Certificate issued by a certifying entity that is not a government entity

(3)For the purposes of subsection 116(2) of the Act, the Minister is not to cancel the visa under paragraph 116(1)(b) of the Act if all of the following circumstances exist:

(a)a certifying entity that is not a government entity has issued a written certificate stating that the entity considers that:

(i)there is prima facie evidence that the visa holder is currently, or has been within the 12 month period preceding the issue of the certificate, the subject of a workplace exploitation matter; and

(ii)there is a connection between the circumstances relating to the breach of the restricted work condition and the workplace exploitation matter to which the visa holder is, or has been, subject;

(b)the Minister is satisfied that there is a connection between the circumstances relating to the breach of the restricted work condition and the workplace exploitation matter to which the visa holder is, or has been, subject;

(c)the Minister is satisfied that the visa holder will comply in future with the purpose of the visa;

(d)the visa holder has committed, in writing, to do both of the following:

(i)to take action to resolve the workplace exploitation matter in a timely manner;

(ii)to comply in future with the visa conditions to which the holder’s visa is subject.

(4)For the purposes of subsection 116(2) of the Act, the Minister is not to cancel the visa under paragraph 116(1)(b) of the Act if all of the following circumstances exist:

(a)a certifying entity that is not a government entity has issued a written certificate stating that the entity considers that:

(i)there is prima facie evidence that the visa holder has been the subject of a workplace exploitation matter at a time that is more than 12 months before the issue of the certificate; and

(ii)there is a connection between the circumstances relating to the breach of the restricted work condition and the workplace exploitation matter to which the visa holder has been subject;

(b)the Minister is satisfied that:

(i)the workplace exploitation matter to which the visa holder has been subject is serious or systemic in nature; and

(ii)there is a connection between the circumstances relating to the breach of the restricted work condition and the workplace exploitation matter to which the visa holder has been subject;

(c)the Minister is satisfied that the visa holder will comply in future with the purpose of the visa;

(d)the visa holder has committed, in writing, to do both of the following:

(i)to take action to resolve the workplace exploitation matter in a timely manner;

(ii)to comply in future with the visa conditions to which the holder’s visa is subject.

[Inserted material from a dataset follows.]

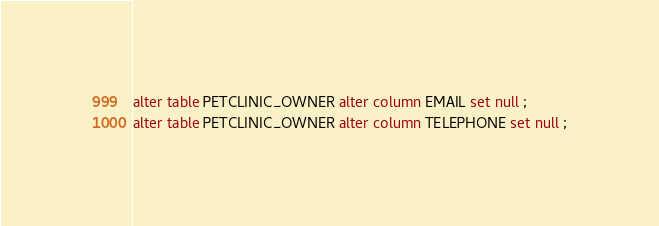Convert code to text. <code><loc_0><loc_0><loc_500><loc_500><_SQL_>alter table PETCLINIC_OWNER alter column EMAIL set null ;
alter table PETCLINIC_OWNER alter column TELEPHONE set null ;
</code>

Failure to comply with written commitment

(5)Subregulations (2), (3) and (4) do not apply in relation to the visa if the Minister is satisfied that the visa holder has failed to comply with a written commitment of a kind mentioned in paragraph (2)(d), (3)(d) or (4)(d), or paragraph 2.43A(2)(e), that the visa holder has previously given in relation to the visa.

Other powers or duties to cancel

(6)Subregulations (2), (3) and (4) do not limit, or otherwise affect, a power or duty of the Minister to cancel the visa under:

(a)paragraph 116(1)(b) of the Act for non compliance with a condition (other than the restricted work condition) to which the visa holder’s visa is subject; or

(b)a provision other than paragraph 116(1)(b) of the Act.

Note:     For example, see subregulation 2.43(2) for the circumstances in which the Minister must cancel a visa.